Using the data below, gather each line that includes the word "HINWEISE".

● RECORDED DATA:
_ _ _ _
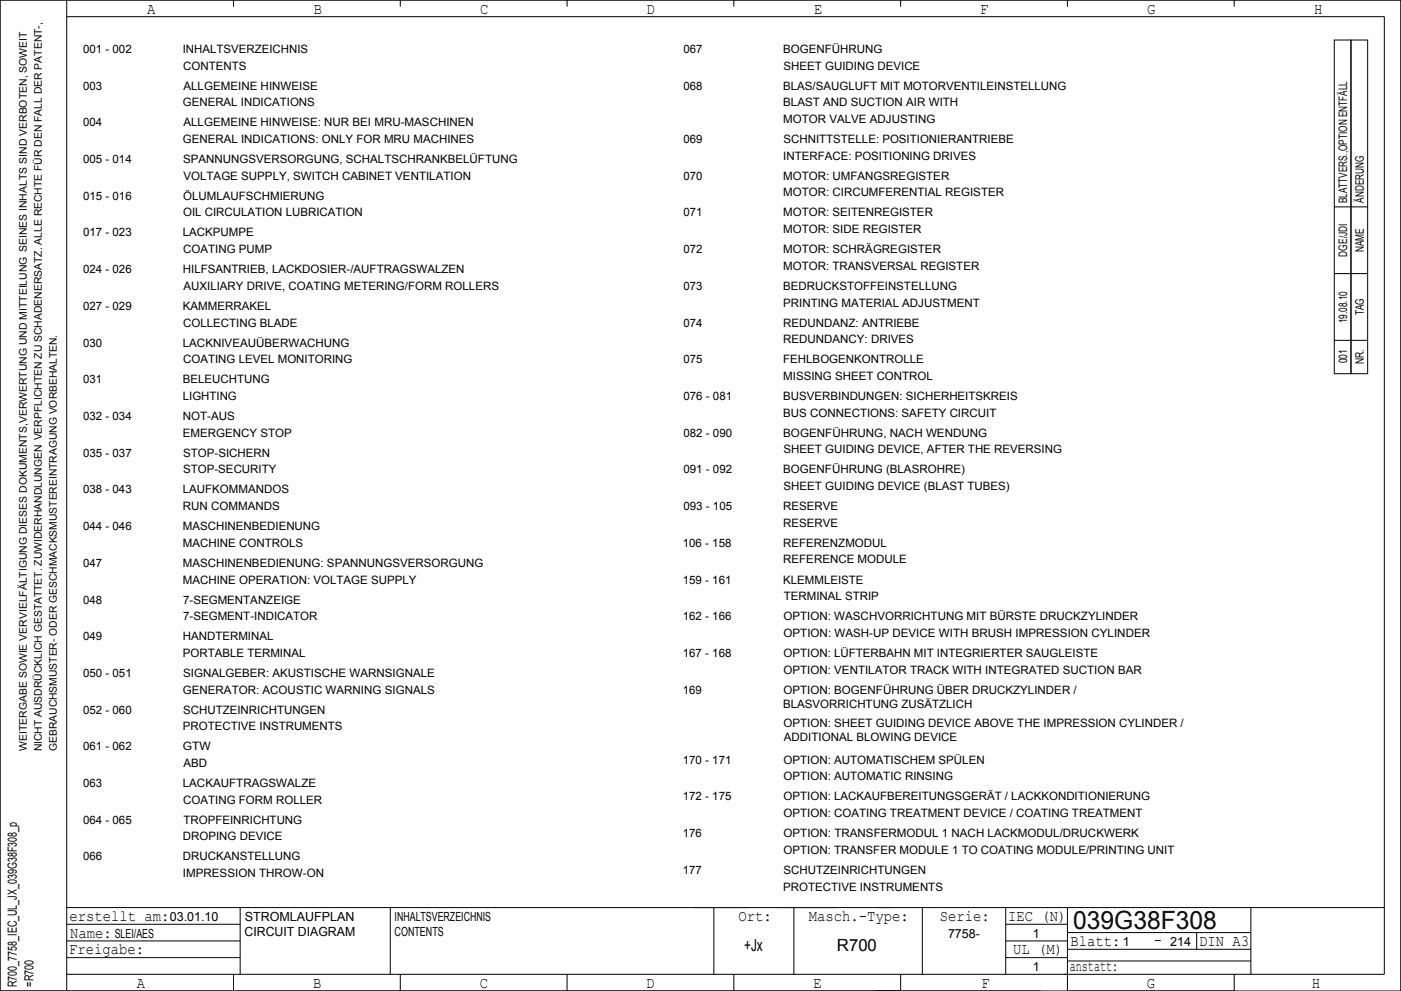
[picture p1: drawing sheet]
<svg xmlns="http://www.w3.org/2000/svg" width="420mm" height="297mm" viewBox="0 0 420 297" stroke-linecap="round" stroke-linejoin="round" font-family="sans-serif">
<defs><g id="words">
<text font-size="7.5" x="321.7" y="278.5">039G38F308</text>
<g font-size="5">
<text x="223.1" y="285">+Jx</text>
<text x="250.9" y="285">R700</text>
</g>
<g font-size="4.7">
<text x="44.1" y="4.2">A</text>
<text x="94" y="4.2">B</text>
<text x="143.9" y="4.2">C</text>
<text x="193.9" y="4.2">D</text>
<text x="244.1" y="4.2">E</text>
<text x="293.8" y="4.2">F</text>
<text x="344" y="4.2">G</text>
<text x="394" y="4.2">H</text>
<text x="20.8" y="276">erstellt am:</text>
<text x="221.3" y="276">Ort:</text>
<text x="242.5" y="276">Masch.­Type:</text>
<text x="281.7" y="276">Serie:</text>
<text x="302.2" y="276">IEC (N)</text>
<text x="21" y="281">Name:</text>
<text x="20.7" y="286">Freigabe:</text>
<text x="303.7" y="286">UL (M)</text>
<text x="320.9" y="283.5">Blatt:</text>
<text x="346" y="283.2">­</text>
<text x="359.5" y="283.5">DIN A3</text>
<text x="320.7" y="291">anstatt:</text>
<text x="41" y="296">A</text>
<text x="93.9" y="296">B</text>
<text x="143.8" y="296">C</text>
<text x="193.7" y="296">D</text>
<text x="243.9" y="296">E</text>
<text x="294.2" y="296">F</text>
<text x="343.8" y="296">G</text>
<text x="393.3" y="296">H</text>
</g>
<g font-size="3.8">
<text x="50.9" y="276">03.01.10</text>
<text x="73.4" y="276">STROMLAUFPLAN</text>
<text x="118.3" y="276">INHALTSVERZEICHNIS</text>
<text x="34.4" y="281">SLEI/AES</text>
<text x="73.3" y="280.5">CIRCUIT DIAGRAM</text>
<text x="118.3" y="280.5">CONTENTS</text>
<text x="284.2" y="281">7758­</text>
<text x="309.6" y="281">1</text>
<text x="336.6" y="283.5">1</text>
<text x="350.8" y="283.5">214</text>
<text x="309.6" y="291">1</text>
<text x="5" y="295.8" transform="rotate(-90 5 295.8)">R700_7758_IEC_UL_JX_039G38F308_p</text>
<text x="10" y="295.7" transform="rotate(-90 10 295.7)">=R700</text>
</g>
<g font-size="3.5">
<text x="24.9" y="15.9">001 ­ 002</text>
<text x="54.8" y="15.9">INHALTSVERZEICHNIS</text>
<text x="204.9" y="15.9">067</text>
<text x="234.8" y="15.9">BOGENFÜHRUNG</text>
<text x="54.9" y="20.9">CONTENTS</text>
<text x="234.9" y="20.9">SHEET GUIDING DEVICE</text>
<text x="24.9" y="26.9">003</text>
<text x="55" y="26.9">ALLGEMEINE HINWEISE</text>
<text x="204.9" y="26.9">068</text>
<text x="234.8" y="26.9">BLAS/SAUGLUFT MIT MOTORVENTILEINSTELLUNG</text>
<text x="54.8" y="31.9">GENERAL INDICATIONS</text>
<text x="234.8" y="31.9">BLAST AND SUCTION AIR WITH</text>
<text x="24.9" y="37.9">004</text>
<text x="55" y="37.9">ALLGEMEINE HINWEISE: NUR BEI MRU­MASCHINEN</text>
<text x="234.8" y="36.9">MOTOR VALVE ADJUSTING</text>
<text x="54.8" y="42.9">GENERAL INDICATIONS: ONLY FOR MRU MACHINES</text>
<text x="204.9" y="42.9">069</text>
<text x="234.8" y="47.9">INTERFACE: POSITIONING DRIVES</text>
<text x="234.9" y="42.9">SCHNITTSTELLE: POSITIONIERANTRIEBE</text>
<text x="24.9" y="48.9">005 ­ 014</text>
<text x="54.9" y="48.9">SPANNUNGSVERSORGUNG, SCHALTSCHRANKBELÜFTUNG</text>
<text x="55" y="53.9">VOLTAGE SUPPLY, SWITCH CABINET VENTILATION</text>
<text x="204.9" y="53.9">070</text>
<text x="234.8" y="53.9">MOTOR: UMFANGSREGISTER</text>
<text x="24.9" y="59.9">015 ­ 016</text>
<text x="54.9" y="59.9">ÖLUMLAUFSCHMIERUNG</text>
<text x="234.8" y="58.9">MOTOR: CIRCUMFERENTIAL REGISTER</text>
<text x="54.9" y="64.9">OIL CIRCULATION LUBRICATION</text>
<text x="204.9" y="64.9">071</text>
<text x="234.8" y="64.9">MOTOR: SEITENREGISTER</text>
<text x="403.9" y="61" transform="rotate(-90 403.9 61)">BLATTVERS.,OPTION ENTFÄLL</text>
<text x="408.9" y="60.8" transform="rotate(-90 408.9 60.8)">ÄNDERUNG</text>
<text x="24.9" y="70.9">017 ­ 023</text>
<text x="54.8" y="70.9">LACKPUMPE</text>
<text x="234.8" y="69.9">MOTOR: SIDE REGISTER</text>
<text x="54.9" y="75.9">COATING PUMP</text>
<text x="204.9" y="75.9">072</text>
<text x="234.8" y="75.9">MOTOR: SCHRÄGREGISTER</text>
<text x="403.9" y="76.9" transform="rotate(-90 403.9 76.9)">DGE/JDI</text>
<text x="408.9" y="75.6" transform="rotate(-90 408.9 75.6)">NAME</text>
<text x="24.9" y="81.9">024 ­ 026</text>
<text x="54.8" y="81.9">HILFSANTRIEB, LACKDOSIER­/AUFTRAGSWALZEN</text>
<text x="234.8" y="80.9">MOTOR: TRANSVERSAL REGISTER</text>
<text x="55" y="86.9">AUXILIARY DRIVE, COATING METERING/FORM ROLLERS</text>
<text x="204.9" y="86.9">073</text>
<text x="234.8" y="86.9">BEDRUCKSTOFFEINSTELLUNG</text>
<text x="24.9" y="92.9">027 ­ 029</text>
<text x="54.8" y="92.9">KAMMERRAKEL</text>
<text x="234.8" y="91.9">PRINTING MATERIAL ADJUSTMENT</text>
<text x="408.9" y="94.4" transform="rotate(-90 408.9 94.4)">TAG</text>
<text x="54.9" y="97.9">COLLECTING BLADE</text>
<text x="204.9" y="97.9">074</text>
<text x="234.8" y="97.9">REDUNDANZ: ANTRIEBE</text>
<text x="403.9" y="96.9" transform="rotate(-90 403.9 96.9)">19.08.10</text>
<text x="24.9" y="103.9">030</text>
<text x="54.8" y="103.9">LACKNIVEAUÜBERWACHUNG</text>
<text x="234.8" y="102.9">REDUNDANCY: DRIVES</text>
<text x="54.9" y="108.9">COATING LEVEL MONITORING</text>
<text x="204.9" y="108.9">075</text>
<text x="234.8" y="108.9">FEHLBOGENKONTROLLE</text>
<text x="234.8" y="113.9">MISSING SHEET CONTROL</text>
<text x="403.9" y="108.9" transform="rotate(-90 403.9 108.9)">001</text>
<text x="408.9" y="109.2" transform="rotate(-90 408.9 109.2)">NR.</text>
<text x="24.9" y="114.9">031</text>
<text x="54.8" y="114.9">BELEUCHTUNG</text>
<text x="54.8" y="119.9">LIGHTING</text>
<text x="204.9" y="119.9">076 ­ 081</text>
<text x="234.8" y="119.9">BUSVERBINDUNGEN: SICHERHEITSKREIS</text>
<text x="24.9" y="125.9">032 ­ 034</text>
<text x="54.8" y="125.9">NOT­AUS</text>
<text x="234.8" y="124.9">BUS CONNECTIONS: SAFETY CIRCUIT</text>
<text x="54.8" y="130.9">EMERGENCY STOP</text>
<text x="204.9" y="130.9">082 ­ 090</text>
<text x="234.8" y="130.9">BOGENFÜHRUNG, NACH WENDUNG</text>
<text x="24.9" y="136.9">035 ­ 037</text>
<text x="54.9" y="136.9">STOP­SICHERN</text>
<text x="234.9" y="135.9">SHEET GUIDING DEVICE, AFTER THE REVERSING</text>
<text x="54.9" y="141.9">STOP­SECURITY</text>
<text x="204.9" y="141.9">091 ­ 092</text>
<text x="234.8" y="141.9">BOGENFÜHRUNG (BLASROHRE)</text>
<text x="24.9" y="147.9">038 ­ 043</text>
<text x="54.8" y="147.9">LAUFKOMMANDOS</text>
<text x="234.9" y="146.9">SHEET GUIDING DEVICE (BLAST TUBES)</text>
<text x="54.8" y="152.9">RUN COMMANDS</text>
<text x="204.9" y="152.9">093 ­ 105</text>
<text x="234.8" y="152.9">RESERVE</text>
<text x="24.9" y="158.9">044 ­ 046</text>
<text x="54.8" y="158.9">MASCHINENBEDIENUNG</text>
<text x="234.8" y="157.9">RESERVE</text>
<text x="54.8" y="163.9">MACHINE CONTROLS</text>
<text x="204.7" y="163.9">106 ­ 158</text>
<text x="234.8" y="163.9">REFERENZMODUL</text>
<text x="24.9" y="169.9">047</text>
<text x="54.8" y="169.9">MASCHINENBEDIENUNG: SPANNUNGSVERSORGUNG</text>
<text x="234.8" y="168.9">REFERENCE MODULE</text>
<text x="54.8" y="174.9">MACHINE OPERATION: VOLTAGE SUPPLY</text>
<text x="204.7" y="174.9">159 ­ 161</text>
<text x="234.8" y="174.9">KLEMMLEISTE</text>
<text x="235" y="179.9">TERMINAL STRIP</text>
<text x="24.9" y="180.9">048</text>
<text x="54.9" y="180.9">7­SEGMENTANZEIGE</text>
<text x="54.9" y="185.9">7­SEGMENT­INDICATOR</text>
<text x="204.7" y="185.9">162 ­ 166</text>
<text x="234.9" y="185.9">OPTION: WASCHVORRICHTUNG MIT BÜRSTE DRUCKZYLINDER</text>
<text x="24.9" y="191.9">049</text>
<text x="54.8" y="191.9">HANDTERMINAL</text>
<text x="234.9" y="190.9">OPTION: WASH­UP DEVICE WITH BRUSH IMPRESSION CYLINDER</text>
<text x="54.8" y="196.9">PORTABLE TERMINAL</text>
<text x="204.7" y="196.9">167 ­ 168</text>
<text x="234.9" y="196.9">OPTION: LÜFTERBAHN MIT INTEGRIERTER SAUGLEISTE</text>
<text x="24.9" y="202.9">050 ­ 051</text>
<text x="54.9" y="202.9">SIGNALGEBER: AKUSTISCHE WARNSIGNALE</text>
<text x="234.9" y="201.9">OPTION: VENTILATOR TRACK WITH INTEGRATED SUCTION BAR</text>
<text x="54.8" y="207.9">GENERATOR: ACOUSTIC WARNING SIGNALS</text>
<text x="204.7" y="207.9">169</text>
<text x="234.9" y="207.9">OPTION: BOGENFÜHRUNG ÜBER DRUCKZYLINDER /</text>
<text x="24.9" y="213.9">052 ­ 060</text>
<text x="54.9" y="213.9">SCHUTZEINRICHTUNGEN</text>
<text x="234.8" y="212.1">BLASVORRICHTUNG ZUSÄTZLICH</text>
<text x="54.8" y="218.9">PROTECTIVE INSTRUMENTS</text>
<text x="234.9" y="217.9">OPTION: SHEET GUIDING DEVICE ABOVE THE IMPRESSION CYLINDER /</text>
<text x="24.9" y="224.9">061 ­ 062</text>
<text x="54.8" y="224.9">GTW</text>
<text x="235" y="222.1">ADDITIONAL BLOWING DEVICE</text>
<text x="55" y="229.9">ABD</text>
<text x="204.7" y="228.9">170 ­ 171</text>
<text x="234.9" y="228.9">OPTION: AUTOMATISCHEM SPÜLEN</text>
<text x="234.9" y="233.9">OPTION: AUTOMATIC RINSING</text>
<text x="24.9" y="235.9">063</text>
<text x="54.8" y="235.9">LACKAUFTRAGSWALZE</text>
<text x="204.7" y="239.9">172 ­ 175</text>
<text x="234.9" y="239.9">OPTION: LACKAUFBEREITUNGSGERÄT / LACKKONDITIONIERUNG</text>
<text x="54.9" y="240.9">COATING FORM ROLLER</text>
<text x="234.9" y="244.9">OPTION: COATING TREATMENT DEVICE / COATING TREATMENT</text>
<text x="24.9" y="246.9">064 ­ 065</text>
<text x="54.8" y="251.9">DROPING DEVICE</text>
<text x="55" y="246.9">TROPFEINRICHTUNG</text>
<text x="204.7" y="250.9">176</text>
<text x="234.9" y="250.9">OPTION: TRANSFERMODUL 1 NACH LACKMODUL/DRUCKWERK</text>
<text x="24.9" y="257.9">066</text>
<text x="54.8" y="257.9">DRUCKANSTELLUNG</text>
<text x="234.9" y="255.9">OPTION: TRANSFER MODULE 1 TO COATING MODULE/PRINTING UNIT</text>
<text x="54.8" y="262.9">IMPRESSION THROW­ON</text>
<text x="204.7" y="261.9">177</text>
<text x="234.9" y="262">SCHUTZEINRICHTUNGEN</text>
<text x="234.8" y="267">PROTECTIVE INSTRUMENTS</text>
</g>
<g font-size="3.1">
<text x="8" y="225" transform="rotate(-90 8 225)">WEITERGABE SOWIE VERVIELFÄLTIGUNG DIESES DOKUMENTS,VERWERTUNG UND MITTEILUNG SEINES INHALTS SIND VERBOTEN, SOWEIT</text>
<text x="12.5" y="225.2" transform="rotate(-90 12.5 225.2)">NICHT AUSDRÜCKLICH GESTATTET. ZUWIDERHANDLUNGEN VERPFLICHTEN ZU SCHADENERSATZ. ALLE RECHTE FÜR DEN FALL DER PATENT­,</text>
<text x="17" y="225.1" transform="rotate(-90 17 225.1)">GEBRAUCHSMUSTER­ ODER GESCHMACKSMUSTEREINTRAGUNG VORBEHALTEN.</text>
</g>
</g></defs>
<g fill="none" stroke="#000" stroke-width=".3">
<path d="M0 0h420v297h-420zM20 0v297M20 5h395v287h-395M70 0v2M120 0v2M170 0v2M220 0v2M270 0v2M320 0v2M370 0v2M400 12h5v100h-5zM405 12h5v100h-5z"/>
<path d="M400 62h10M400 82h10M400 102h10M20 277h52M20 272h395M72 272v20M117 272v20M214 272v20M238 272v20M276.5 272v20M301.5 272v20M301.5 277h18.5"/>
<path d="M320 272v25h50v-5M320 279.5h55M358.7 279.5v5M375 272v20M20 287h52M20 282h52M70 292v5M120 292v5M170 292v5M220 292v5M270 292v5M301.5 287h18.5"/>
<path d="M301.5 282h18.5M312 297h-312v-297h420v297M320 284.5h55M320 288h55"/>
</g>
<use href="#words"/>
</svg>
_ _ _ _
● YOUR RESPONSE:
<text x="55" y="26.9">ALLGEMEINE HINWEISE</text>
<text x="55" y="37.9">ALLGEMEINE HINWEISE: NUR BEI MRU­MASCHINEN</text>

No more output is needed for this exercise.